— Борис пытался ему помочь, — говорит Ольга Ивинская. — Они с Ахматовой написали письмо Сталину. После чего тот сам позвонил, но разговор, как рассказывает Борис, получился неудачный. Он казнился, что не сказал Сталину самого главного. Сталин спросил: «Что ты думаешь о Мандельштаме?» (Он обращался к Борису на «ты».) Борис пустился в нелепые эстетические рассуждения, хотел подвести разговор к тому, что в писательской среде сложились ненормальные отношения. Сталин выслушал его, а потом ехидно произнес: «Ну что же, ты не сумел защитить своего товарища». И повесил трубку.
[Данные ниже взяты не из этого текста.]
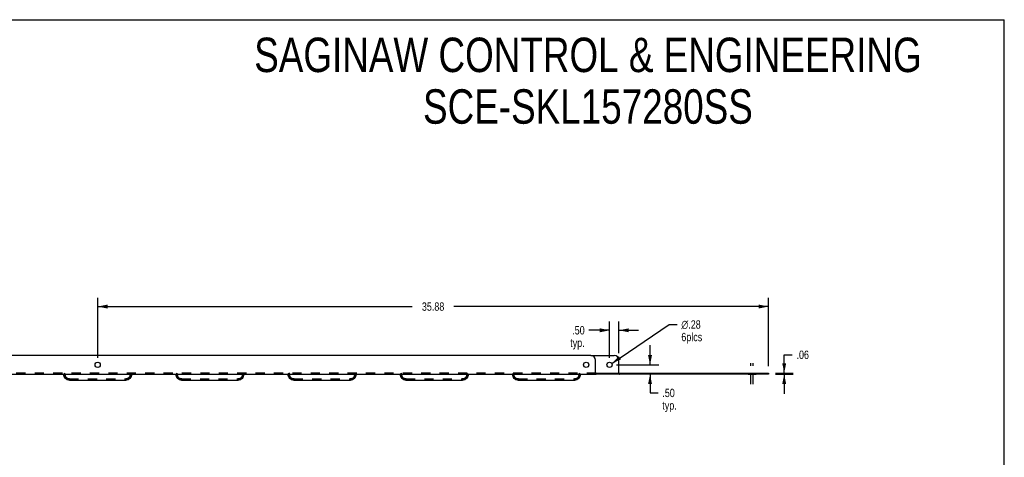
# Model space of a CAD drawing. Header units: inches. Extents: x 0 to 89.5, y 0 to 57.9.
# Tile 10 of 10: x 36.8 to 89.5, y 34.5 to 57.9. Entities that reach past the tile are written whole.
import ezdxf

# ---------------------------------------------------------------- set-up
doc = ezdxf.new("R2010")
doc.units = ezdxf.units.IN
doc.header["$LTSCALE"] = 4.921053
doc.header["$MEASUREMENT"] = 0
doc.linetypes.add('DASHED', pattern=[0.2, 0.1, -0.1])
doc.linetypes.add('HIDDEN', pattern=[0.2, 0.1, -0.1])
doc.layers.get('0').update_dxf_attribs({"linetype": 'CONTINUOUS'})
for name, color, linetype in [('02___PRT_ALL_AXES', 7, 'CONTINUOUS'), ('DEFAULT_2', 8, 'HIDDEN'), ('DIMENSIONS', 7, 'CONTINUOUS')]:
    doc.layers.add(name, color=color, linetype=linetype)
doc.styles.get("Standard").update_dxf_attribs({"font": 'txt', "width": 0.8})
doc.styles.add('TEXTSTYLE_1', font='gdt', dxfattribs={"width": 0.8})
doc.dimstyles.new('DIMSTYLE_1', dxfattribs={"dimtxt": 0.447368, "dimasz": 0.526316, "dimexe": 0.09, "dimexo": 0.07, "dimgap": 0.0425, "dimtad": 0, "dimtih": 1, "dimtoh": 1, "dimzin": 4, "dimdsep": 46, "dimtxsty": 'Standard', "dimblk": '_FILLED', "dimblk1": '_FILLED', "dimblk2": '_FILLED', "dimcen": 0.09, "dimadec": 0, "dimazin": 0, "dimtfac": 1, "dimtofl": 0, "dimtmove": 0, "dimatfit": 3, "dimldrblk": '_FILLED', "dimfxl": 0, "dimtolj": 1, "dimtzin": 4, "dimarcsym": 0})
doc.dimstyles.new('DIMSTYLE_2', dxfattribs={"dimtxt": 0.447368, "dimasz": 0.526316, "dimexe": 0.09, "dimexo": 0.07, "dimgap": 0.09, "dimtad": 0, "dimtih": 1, "dimtoh": 1, "dimzin": 4, "dimdsep": 46, "dimtxsty": 'Standard', "dimblk": '_FILLED', "dimblk1": '_FILLED', "dimblk2": '_FILLED', "dimcen": 0.09, "dimadec": 0, "dimazin": 0, "dimtfac": 1, "dimtofl": 0, "dimtmove": 0, "dimatfit": 3, "dimldrblk": '_FILLED', "dimfxl": 0, "dimtolj": 1, "dimtzin": 4, "dimarcsym": 0})

# ---------------------------------------------------------------- blocks, each defined once
blk = doc.blocks.new('_FILLED')
at = {"color": 0, "linetype": 'ByBlock'}
blk.add_solid([(0, 0), (-1, 0.2), (-1, -0.2)], dxfattribs=at)
blk = doc.blocks.new('*D15')
at = {"color": 2, "linetype": 'Continuous'}
for p, q in [((70.527, 39.423), (70.527, 40.475)), ((68.731, 39.423), (71.001, 39.423)), ((70.527, 38.923), (70.527, 37.922)), ((70.527, 37.922), (70.961, 37.922))]:
    blk.add_line(p, q, dxfattribs=at)
at = {"color": 2, "linetype": 'Continuous', "xscale": 0.5263157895, "yscale": 0.5263157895, "zscale": 0.5263157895}
for p, rotation in [((70.527, 39.423), 270), ((70.527, 38.923), 90)]:
    blk.add_blockref('_FILLED', p, dxfattribs=dict(at, rotation=rotation))
at = {"color": 2, "linetype": 'Continuous', "insert": (71.185, 38.145), "char_height": 0.4474, "width": 1.43158, "attachment_point": 1, "line_spacing_factor": 0.9}
blk.add_mtext('.50\\Ptyp.', dxfattribs=at)
blk = doc.blocks.new('*D16')
at = {"color": 2, "linetype": 'Continuous'}
for p, q in [((68.362, 39.791), (68.362, 41.746)), ((68.862, 40.041), (68.862, 41.746)), ((68.362, 41.272), (67.255, 41.272)), ((68.862, 41.272), (69.915, 41.272))]:
    blk.add_line(p, q, dxfattribs=at)
at = {"color": 2, "linetype": 'Continuous', "xscale": 0.5263157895, "yscale": 0.5263157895, "zscale": 0.5263157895}
blk.add_blockref('_FILLED', (68.362, 41.272), dxfattribs=at)
at = {"color": 2, "linetype": 'Continuous', "xscale": 0.5263157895, "yscale": 0.5263157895, "zscale": 0.5263157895, "rotation": 180}
blk.add_blockref('_FILLED', (68.862, 41.272), dxfattribs=at)
at = {"color": 2, "linetype": 'Continuous', "insert": (67.031, 41.496), "char_height": 0.4474, "width": 1.43158, "attachment_point": 3, "line_spacing_factor": 0.9}
blk.add_mtext('.50\\Ptyp.', dxfattribs=at)
blk = doc.blocks.new('*D17')
at = {"color": 2, "linetype": 'Continuous'}
for p, q in [((68.479, 39.502), (71.543, 41.583)), ((71.543, 41.583), (71.977, 41.583))]:
    blk.add_line(p, q, dxfattribs=at)
at = {"color": 2, "linetype": 'Continuous', "xscale": 0.5263157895, "yscale": 0.5263157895, "zscale": 0.5263157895, "rotation": 214.1840486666}
blk.add_blockref('_FILLED', (68.479, 39.502), dxfattribs=at)
at = {"color": 2, "linetype": 'Continuous', "insert": (72.201, 41.806), "char_height": 0.44737, "width": 1.78947, "attachment_point": 1, "line_spacing_factor": 0.9, "style": 'TEXTSTYLE_1'}
blk.add_mtext('{\\Fgdt;n}\\Ftxt;.28\\P6plcs', dxfattribs=at)
blk = doc.blocks.new('*D18')
at = {"color": 2, "linetype": 'Continuous'}
for p, q in [((77.703, 38.983), (77.703, 39.96)), ((77.703, 39.96), (78.137, 39.96)), ((77.231, 38.983), (78.177, 38.983)), ((77.231, 38.923), (78.177, 38.923)), ((77.703, 38.923), (77.703, 37.87))]:
    blk.add_line(p, q, dxfattribs=at)
at = {"color": 2, "linetype": 'Continuous', "xscale": 0.5263157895, "yscale": 0.5263157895, "zscale": 0.5263157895}
for p, rotation in [((77.703, 38.983), 270), ((77.703, 38.923), 90)]:
    blk.add_blockref('_FILLED', p, dxfattribs=dict(at, rotation=rotation))
at = {"color": 2, "linetype": 'Continuous', "insert": (78.361, 40.184), "char_height": 0.4474, "width": 1.07368, "attachment_point": 1, "line_spacing_factor": 0.9}
blk.add_mtext('.06', dxfattribs=at)
blk = doc.blocks.new('*D20')
at = {"color": 2, "linetype": 'Continuous'}
for p, q in [((40.987, 39.791), (40.987, 43.015)), ((76.862, 39.351), (76.862, 43.015)), ((40.987, 42.542), (57.807, 42.542)), ((76.862, 42.542), (60.043, 42.542))]:
    blk.add_line(p, q, dxfattribs=at)
at = {"color": 2, "linetype": 'Continuous', "xscale": 0.5263157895, "yscale": 0.5263157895, "zscale": 0.5263157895, "rotation": 180}
blk.add_blockref('_FILLED', (40.987, 42.542), dxfattribs=at)
at = {"color": 2, "linetype": 'Continuous', "xscale": 0.5263157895, "yscale": 0.5263157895, "zscale": 0.5263157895}
blk.add_blockref('_FILLED', (76.862, 42.542), dxfattribs=at)
at = {"color": 2, "linetype": 'Continuous', "insert": (58.925, 42.765), "char_height": 0.4474, "width": 1.78947, "attachment_point": 2, "line_spacing_factor": 0.9}
blk.add_mtext('35.88', dxfattribs=at)

msp = doc.modelspace()

# ---------------------------------------------------------------- linework, layer by layer
at = {"color": 7, "linetype": 'Continuous'}
for p, q in [((0, 57.895), (89.474, 57.895)), ((89.474, 0), (89.474, 57.895)), ((67.362, 39.923), (68.612, 39.923)), ((68.862, 38.983), (68.862, 39.673)), ((67.639, 38.983), (76.862, 38.983)), ((67.639, 38.983), (67.639, 38.923)), ((76.862, 38.983), (76.862, 38.923))]:
    msp.add_line(p, q, dxfattribs=at)
at = {"color": 3, "linetype": 'Continuous'}
for p, q in [((67.362, 39.923), (14.612, 39.923)), ((67.612, 38.952), (67.612, 39.673)), ((14.347, 38.923), (67.628, 38.923)), ((39.474, 38.611), (42.501, 38.611)), ((45.474, 38.611), (48.501, 38.611)), ((51.474, 38.611), (54.501, 38.611)), ((57.474, 38.611), (60.501, 38.611)), ((63.474, 38.611), (66.501, 38.611)), ((76.862, 38.923), (67.639, 38.923))]:
    msp.add_line(p, q, dxfattribs=at)
at = {"color": 7, "linetype": 'Continuous'}
for points in [[(67.612, 38.997), (67.617, 38.997), (67.62, 38.996), (67.623, 38.994), (67.626, 38.991), (67.629, 38.988), (67.632, 38.985), (67.635, 38.983), (67.639, 38.983)], [(68.862, 38.997), (68.867, 38.997), (68.87, 38.996), (68.873, 38.994), (68.876, 38.991), (68.879, 38.988), (68.882, 38.985), (68.885, 38.983), (68.889, 38.983)]]:
    msp.add_lwpolyline(points, dxfattribs=at)
at = {"color": 3, "linetype": 'Continuous'}
msp.add_lwpolyline([(67.612, 38.952), (67.616, 38.948), (67.619, 38.943), (67.622, 38.938), (67.625, 38.934), (67.628, 38.929), (67.631, 38.926), (67.635, 38.924), (67.639, 38.923)], dxfattribs=at)
for centre, radius, start, end in [((67.362, 39.673), 0.25, 0, 90), ((39.487, 38.92), 0.31, 180.1019, 267.4773), ((42.487, 38.92), 0.31, 272.5227, 359.9), ((45.487, 38.92), 0.31, 180.1019, 267.4773), ((48.487, 38.92), 0.31, 272.5227, 359.9), ((51.487, 38.92), 0.31, 180.1019, 267.4773), ((54.487, 38.92), 0.31, 272.5227, 359.9), ((57.487, 38.92), 0.31, 180.1019, 267.4773), ((60.487, 38.92), 0.31, 272.5227, 359.9), ((63.487, 38.92), 0.31, 180.1019, 267.4773), ((66.487, 38.92), 0.31, 272.5227, 359.9)]:
    msp.add_arc(centre, radius, start, end, dxfattribs=at)
at = {"color": 7, "linetype": 'Continuous'}
msp.add_arc((68.612, 39.673), 0.25, 0, 90, dxfattribs=at)
at = {"layer": '02___PRT_ALL_AXES', "color": 2, "linetype": 'DASHED'}
for p, q in [((75.925, 38.383), (75.925, 39.509)), ((76.05, 38.383), (76.05, 39.509))]:
    msp.add_line(p, q, dxfattribs=at)
at = {"layer": '02___PRT_ALL_AXES', "color": 8, "linetype": 'HIDDEN'}
for p, q in [((75.769, 38.983), (76.206, 38.983)), ((75.769, 38.983), (75.769, 38.923)), ((76.206, 38.983), (76.206, 38.923)), ((75.769, 38.923), (76.206, 38.923))]:
    msp.add_line(p, q, dxfattribs=at)
at = {"layer": '02___PRT_ALL_AXES', "color": 3, "linetype": 'Continuous'}
for centre in [(40.987, 39.423), (67.112, 39.423)]:
    msp.add_circle(centre, 0.141, dxfattribs=at)
at = {"layer": '02___PRT_ALL_AXES', "color": 7, "linetype": 'Continuous'}
msp.add_circle((68.362, 39.423), 0.141, dxfattribs=at)
at = {"layer": 'DEFAULT_2', "color": 8, "linetype": 'HIDDEN'}
for p, q in [((67.639, 38.983), (14.336, 38.983)), ((39.237, 38.983), (39.182, 38.923)), ((39.237, 38.92), (39.237, 38.983)), ((42.737, 38.983), (42.737, 38.921)), ((42.737, 38.983), (42.793, 38.923)), ((45.237, 38.983), (45.182, 38.923)), ((45.237, 38.92), (45.237, 38.983)), ((48.737, 38.983), (48.793, 38.923)), ((48.737, 38.983), (48.737, 38.921)), ((51.237, 38.983), (51.182, 38.923)), ((51.237, 38.92), (51.237, 38.983)), ((54.737, 38.983), (54.793, 38.923)), ((54.737, 38.983), (54.737, 38.921)), ((57.237, 38.983), (57.182, 38.923)), ((57.237, 38.92), (57.237, 38.983)), ((60.737, 38.983), (60.793, 38.923)), ((60.737, 38.983), (60.737, 38.921)), ((63.237, 38.983), (63.182, 38.923)), ((63.237, 38.92), (63.237, 38.983)), ((66.737, 38.983), (66.793, 38.923)), ((66.737, 38.983), (66.737, 38.921)), ((68.862, 38.952), (68.862, 38.983)), ((68.889, 38.983), (68.889, 38.923)), ((39.177, 38.921), (39.177, 38.923)), ((39.177, 38.921), (39.177, 38.921)), ((39.237, 38.921), (39.177, 38.921)), ((39.183, 38.93), (39.178, 38.929)), ((39.178, 38.928), (39.179, 38.927)), ((39.179, 38.927), (39.182, 38.923)), ((39.487, 38.671), (39.439, 38.675)), ((39.475, 38.671), (42.5, 38.671)), ((42.737, 38.921), (42.733, 38.872)), ((42.737, 38.921), (42.797, 38.921)), ((42.779, 38.938), (42.774, 38.942)), ((42.793, 38.923), (42.796, 38.927)), ((42.796, 38.927), (42.797, 38.928)), ((42.797, 38.923), (42.797, 38.921)), ((42.797, 38.921), (42.797, 38.921)), ((45.177, 38.921), (45.177, 38.923)), ((45.237, 38.921), (45.177, 38.921)), ((45.177, 38.921), (45.177, 38.921)), ((45.183, 38.93), (45.178, 38.929)), ((45.178, 38.928), (45.179, 38.927)), ((45.179, 38.927), (45.182, 38.923)), ((45.487, 38.671), (45.439, 38.675)), ((45.475, 38.671), (48.5, 38.671)), ((48.737, 38.921), (48.733, 38.872)), ((48.737, 38.921), (48.797, 38.921)), ((48.779, 38.938), (48.774, 38.942)), ((48.793, 38.923), (48.796, 38.927)), ((48.796, 38.927), (48.797, 38.928)), ((48.797, 38.923), (48.797, 38.921)), ((48.797, 38.921), (48.797, 38.921)), ((51.177, 38.921), (51.177, 38.923)), ((51.237, 38.921), (51.177, 38.921)), ((51.177, 38.921), (51.177, 38.921)), ((51.183, 38.93), (51.178, 38.929)), ((51.178, 38.928), (51.179, 38.927)), ((51.179, 38.927), (51.182, 38.923)), ((51.487, 38.671), (51.439, 38.675)), ((51.475, 38.671), (54.5, 38.671)), ((54.737, 38.921), (54.733, 38.872)), ((54.737, 38.921), (54.797, 38.921)), ((54.779, 38.938), (54.774, 38.942)), ((54.793, 38.923), (54.796, 38.927)), ((54.796, 38.927), (54.797, 38.928)), ((54.797, 38.923), (54.797, 38.921)), ((54.797, 38.921), (54.797, 38.921)), ((57.177, 38.921), (57.177, 38.923)), ((57.237, 38.921), (57.177, 38.921)), ((57.177, 38.921), (57.177, 38.921)), ((57.183, 38.93), (57.178, 38.929)), ((57.178, 38.928), (57.179, 38.927)), ((57.179, 38.927), (57.182, 38.923)), ((57.487, 38.671), (57.439, 38.675)), ((57.475, 38.671), (60.5, 38.671)), ((60.737, 38.921), (60.733, 38.872)), ((60.737, 38.921), (60.797, 38.921)), ((60.779, 38.938), (60.774, 38.942)), ((60.793, 38.923), (60.796, 38.927)), ((60.796, 38.927), (60.797, 38.928)), ((60.797, 38.923), (60.797, 38.921)), ((60.797, 38.921), (60.797, 38.921)), ((63.177, 38.921), (63.177, 38.923)), ((63.237, 38.921), (63.177, 38.921)), ((63.177, 38.921), (63.177, 38.921)), ((63.183, 38.93), (63.178, 38.929)), ((63.178, 38.928), (63.179, 38.927)), ((63.179, 38.927), (63.182, 38.923)), ((63.487, 38.671), (63.439, 38.675)), ((63.475, 38.671), (66.5, 38.671)), ((66.737, 38.921), (66.733, 38.872)), ((66.737, 38.921), (66.797, 38.921)), ((66.779, 38.938), (66.774, 38.942)), ((66.793, 38.923), (66.796, 38.927)), ((66.796, 38.927), (66.797, 38.928)), ((66.797, 38.923), (66.797, 38.921)), ((66.797, 38.921), (66.797, 38.921)), ((67.639, 38.923), (67.628, 38.923))]:
    msp.add_line(p, q, dxfattribs=at)
for points in [[(39.487, 38.611), (39.427, 38.617), (39.369, 38.634), (39.315, 38.663), (39.268, 38.701), (39.23, 38.748), (39.201, 38.802), (39.183, 38.86), (39.177, 38.921)], [(39.177, 38.923), (39.178, 38.927), (39.178, 38.929), (39.178, 38.928)], [(39.201, 38.943), (39.196, 38.938), (39.19, 38.934), (39.183, 38.93)], [(39.311, 38.744), (39.28, 38.782), (39.257, 38.825), (39.242, 38.872), (39.237, 38.921)], [(39.439, 38.675), (39.392, 38.69), (39.349, 38.713), (39.311, 38.744)], [(42.797, 38.921), (42.792, 38.86), (42.774, 38.802), (42.745, 38.748), (42.707, 38.701), (42.66, 38.663), (42.606, 38.634), (42.548, 38.617), (42.487, 38.611)], [(42.664, 38.744), (42.626, 38.713), (42.583, 38.69), (42.536, 38.675), (42.487, 38.671)], [(42.733, 38.872), (42.718, 38.825), (42.695, 38.782), (42.664, 38.744)], [(42.797, 38.928), (42.791, 38.931), (42.784, 38.934), (42.779, 38.938)], [(42.797, 38.928), (42.797, 38.926), (42.797, 38.923)], [(45.487, 38.611), (45.427, 38.617), (45.369, 38.634), (45.315, 38.663), (45.268, 38.701), (45.23, 38.748), (45.201, 38.802), (45.183, 38.86), (45.177, 38.921)], [(45.177, 38.923), (45.178, 38.927), (45.178, 38.929), (45.178, 38.928)], [(45.201, 38.943), (45.196, 38.938), (45.19, 38.934), (45.183, 38.93)], [(45.311, 38.744), (45.28, 38.782), (45.257, 38.825), (45.242, 38.872), (45.237, 38.921)], [(45.439, 38.675), (45.392, 38.69), (45.349, 38.713), (45.311, 38.744)], [(48.797, 38.921), (48.792, 38.86), (48.774, 38.802), (48.745, 38.748), (48.707, 38.701), (48.66, 38.663), (48.606, 38.634), (48.548, 38.617), (48.487, 38.611)], [(48.664, 38.744), (48.626, 38.713), (48.583, 38.69), (48.536, 38.675), (48.487, 38.671)], [(48.733, 38.872), (48.718, 38.825), (48.695, 38.782), (48.664, 38.744)], [(48.797, 38.928), (48.791, 38.931), (48.784, 38.934), (48.779, 38.938)], [(48.797, 38.928), (48.797, 38.926), (48.797, 38.923)], [(51.487, 38.611), (51.427, 38.617), (51.369, 38.634), (51.315, 38.663), (51.268, 38.701), (51.23, 38.748), (51.201, 38.802), (51.183, 38.86), (51.177, 38.921)], [(51.177, 38.923), (51.178, 38.927), (51.178, 38.929), (51.178, 38.928)], [(51.201, 38.943), (51.196, 38.938), (51.19, 38.934), (51.183, 38.93)], [(51.311, 38.744), (51.28, 38.782), (51.257, 38.825), (51.242, 38.872), (51.237, 38.921)], [(51.439, 38.675), (51.392, 38.69), (51.349, 38.713), (51.311, 38.744)], [(54.797, 38.921), (54.792, 38.86), (54.774, 38.802), (54.745, 38.748), (54.707, 38.701), (54.66, 38.663), (54.606, 38.634), (54.548, 38.617), (54.487, 38.611)], [(54.664, 38.744), (54.626, 38.713), (54.583, 38.69), (54.536, 38.675), (54.487, 38.671)], [(54.733, 38.872), (54.718, 38.825), (54.695, 38.782), (54.664, 38.744)], [(54.797, 38.928), (54.791, 38.931), (54.784, 38.934), (54.779, 38.938)], [(54.797, 38.928), (54.797, 38.926), (54.797, 38.923)], [(57.487, 38.611), (57.427, 38.617), (57.369, 38.634), (57.315, 38.663), (57.268, 38.701), (57.23, 38.748), (57.201, 38.802), (57.183, 38.86), (57.177, 38.921)], [(57.177, 38.923), (57.178, 38.927), (57.178, 38.929), (57.178, 38.928)], [(57.201, 38.943), (57.196, 38.938), (57.19, 38.934), (57.183, 38.93)], [(57.311, 38.744), (57.28, 38.782), (57.257, 38.825), (57.242, 38.872), (57.237, 38.921)], [(57.439, 38.675), (57.392, 38.69), (57.349, 38.713), (57.311, 38.744)], [(60.797, 38.921), (60.792, 38.86), (60.774, 38.802), (60.745, 38.748), (60.707, 38.701), (60.66, 38.663), (60.606, 38.634), (60.548, 38.617), (60.487, 38.611)], [(60.664, 38.744), (60.626, 38.713), (60.583, 38.69), (60.536, 38.675), (60.487, 38.671)], [(60.733, 38.872), (60.718, 38.825), (60.695, 38.782), (60.664, 38.744)], [(60.797, 38.928), (60.791, 38.931), (60.784, 38.934), (60.779, 38.938)], [(60.797, 38.928), (60.797, 38.926), (60.797, 38.923)], [(63.487, 38.611), (63.427, 38.617), (63.369, 38.634), (63.315, 38.663), (63.268, 38.701), (63.23, 38.748), (63.201, 38.802), (63.183, 38.86), (63.177, 38.921)], [(63.177, 38.923), (63.178, 38.927), (63.178, 38.929), (63.178, 38.928)], [(63.201, 38.943), (63.196, 38.938), (63.19, 38.934), (63.183, 38.93)], [(63.311, 38.744), (63.28, 38.782), (63.257, 38.825), (63.242, 38.872), (63.237, 38.921)], [(63.439, 38.675), (63.392, 38.69), (63.349, 38.713), (63.311, 38.744)], [(66.797, 38.921), (66.792, 38.86), (66.774, 38.802), (66.745, 38.748), (66.707, 38.701), (66.66, 38.663), (66.606, 38.634), (66.548, 38.617), (66.487, 38.611)], [(66.664, 38.744), (66.626, 38.713), (66.583, 38.69), (66.536, 38.675), (66.487, 38.671)], [(66.733, 38.872), (66.718, 38.825), (66.695, 38.782), (66.664, 38.744)], [(66.797, 38.928), (66.791, 38.931), (66.784, 38.934), (66.779, 38.938)], [(66.797, 38.928), (66.797, 38.926), (66.797, 38.923)], [(67.639, 38.924), (67.634, 38.923), (67.63, 38.923)], [(68.862, 38.952), (68.866, 38.948), (68.869, 38.943), (68.872, 38.938), (68.875, 38.934), (68.878, 38.929), (68.881, 38.926), (68.885, 38.924), (68.889, 38.923)], [(68.889, 38.924), (68.884, 38.923), (68.88, 38.923)]]:
    msp.add_lwpolyline(points, dxfattribs=at)
for centre, start, end in [((39.487, 38.92), 180, 267.191), ((42.487, 38.92), 272.809, 360), ((45.487, 38.92), 180, 267.191), ((48.487, 38.92), 272.809, 360), ((51.487, 38.92), 180, 267.191), ((54.487, 38.92), 272.809, 360), ((57.487, 38.92), 180, 267.191), ((60.487, 38.92), 272.809, 360), ((63.487, 38.92), 180, 267.191), ((66.487, 38.92), 272.809, 360)]:
    msp.add_arc(centre, 0.25, start, end, dxfattribs=at)

# ---------------------------------------------------------------- texts
at = {"layer": 'DIMENSIONS', "color": 2, "linetype": 'Continuous', "insert": (67.206, 56.933), "char_height": 1.84211, "width": 42.73684, "attachment_point": 2, "line_spacing_factor": 0.9}
msp.add_mtext('SAGINAW CONTROL & ENGINEERING\\PSCE-SKL157280SS', dxfattribs=at)

# ---------------------------------------------------------------- dimensions: what is measured, and where the dimension line sits
at = {"color": 2, "linetype": 'Continuous'}
for base, p1, p2, angle, picture, middle in [((40.987495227, 42.541508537), (76.862495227, 39.281068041), (40.987495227, 39.721068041), 180, '*D20', (58.924995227, 42.541508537)), ((77.703, 38.923), (78.247, 38.983), (78.247, 38.923), 270, '*D18', (78.898, 39.96))]:
    dim = msp.add_linear_dim(base=base, p1=p1, p2=p2, angle=angle, dimstyle='DIMSTYLE_1', dxfattribs=at)
    dim.commit()
    dim.dimension.update_dxf_attribs({"geometry": picture, "text_midpoint": middle, "dimtype": 160})
for base, p1, p2, angle, picture, middle in [((68.362, 41.272), (68.862, 39.971), (68.362, 39.721), 180, '*D16', (66.316, 40.937)), ((70.527, 39.423), (67.639, 38.923), (68.661, 39.423), 90, '*D15', (71.901, 37.586))]:
    dim = msp.add_linear_dim(base=base, p1=p1, p2=p2, angle=angle, text='<>\\Ptyp.', dimstyle='DIMSTYLE_1', dxfattribs=at)
    dim.commit()
    dim.dimension.update_dxf_attribs({"geometry": picture, "text_midpoint": middle, "dimtype": 160})
dim = msp.add_diameter_dim_2p(p1=(68.479, 39.502), p2=(68.246, 39.344), text='<>\\P6plcs', dimstyle='DIMSTYLE_2', dxfattribs=at)
dim.commit()
dim.dimension.update_dxf_attribs({"geometry": '*D17', "text_midpoint": (73.095, 41.247), "dimtype": 163})

doc.saveas('drawing.dxf')

Так Борису и не удалось поговорить со Сталиным о жизни и смерти.
— Он ведь писал стихи в честь вождя, не так ли? — спрашиваю я. — В тридцать шестом в «Известиях» он назвал Сталина огромным, как сама земля.
— Да, в молодости он посвящал стихи Сталину, и Ленину, и обоим сразу. Но это было в самом начале. С Иосифом Джугашвили у него были довольно странные отношения. Скажем, арестовали меня, но срок дали до смешного малый. В лагере тех, кто получал всего пять лет, даже презирали. При обыске у меня не нашли никакого компрометирующего материала, кроме писем Пастернака и нескольких его книг. В общем, все это дело было направлено именно против Бориса, хоть и не впрямую.
Он не подписывал бумаг, обрекавших его коллег на гибель, и потому мог ждать репрессий, но он не боялся. Говорят, Сталин сказал: «Этого небожителя не трогайте». Борис много сделал для грузинской поэзии, может быть, это импонировало Сталину.
Когда они раскрутили дело с «Доктором Живаго», Бориса пригласили к Хрущеву, но принял его Поликарпов из отдела культуры. Этот бедняга не знал, куда деваться, сидел и судорожно потирал потные руки. «Почему они не играют в открытую? — недоумевал Пастернак. — Я был готов начистоту поговорить с Хрущевым».
Бориса обвиняли в антипартийности, в нападках на революцию, которую он, вероятно, должен был изобразить в виде торта с кремом. Даже благожелательно настроенные пожимали плечами: «Конечно, он большой художник, но с нами ему не по пути». Маяковский называл его «гениальным лириком».
Борис Леонидович ненавидел всякую официально торжествующую религию, но в том, что касается «Живаго» (кстати, это имя какого-то фабриканта, прочитал он его на медной табличке), готов был пойти на уступки при выработке окончательной редакции романа.
Он даже и не думал о Нобелевской премии, то есть был уверен, что ее присудят Альберто Моравиа. Однажды его уже выдвигали, но предпочтение было отдано Хемингуэю. Однако 23 октября 1958 года Шведская Королевская академия наук опровергла его всегдашнее недоверие: на этот раз высшая награда «за выдающийся вклад в современную поэзию и продолжение великой традиции русской прозы» досталась ему.